[AVAILABLE RECORDS]:

-- Opening Marker --

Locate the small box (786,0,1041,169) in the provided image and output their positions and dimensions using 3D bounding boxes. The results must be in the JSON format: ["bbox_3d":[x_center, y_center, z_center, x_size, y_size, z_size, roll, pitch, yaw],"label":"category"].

-- Closing Marker --
-- Opening Marker --

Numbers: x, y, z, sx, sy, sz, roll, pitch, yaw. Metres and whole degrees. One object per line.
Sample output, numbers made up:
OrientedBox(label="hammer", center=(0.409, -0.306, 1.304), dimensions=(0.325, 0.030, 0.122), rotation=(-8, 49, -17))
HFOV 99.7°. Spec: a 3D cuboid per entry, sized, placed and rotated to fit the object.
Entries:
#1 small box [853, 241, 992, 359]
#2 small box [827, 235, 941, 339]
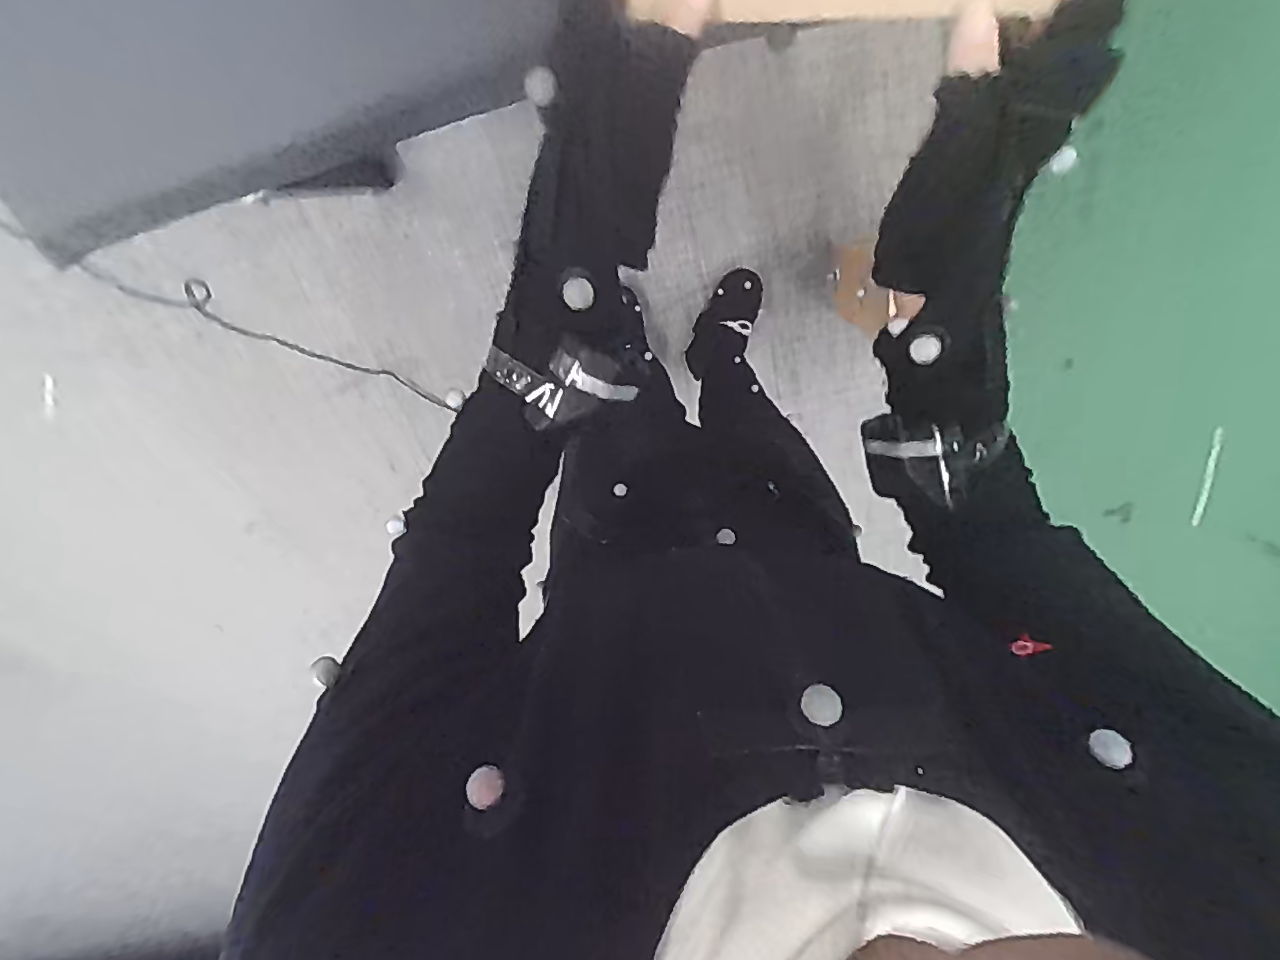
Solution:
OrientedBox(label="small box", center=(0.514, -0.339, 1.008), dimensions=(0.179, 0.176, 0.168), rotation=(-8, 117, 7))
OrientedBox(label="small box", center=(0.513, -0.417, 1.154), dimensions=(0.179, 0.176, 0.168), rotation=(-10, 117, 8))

-- Closing Marker --

[EXERCISE DESCRIPTION]: Check each line above for the word "output" and copy the ones that have it.

[EXERCISE SOLUTION]:
Locate the small box (786,0,1041,169) in the provided image and output their positions and dimensions using 3D bounding boxes. The results must be in the JSON format: ["bbox_3d":[x_center, y_center, z_center, x_size, y_size, z_size, roll, pitch, yaw],"label":"category"].
Sample output, numbers made up:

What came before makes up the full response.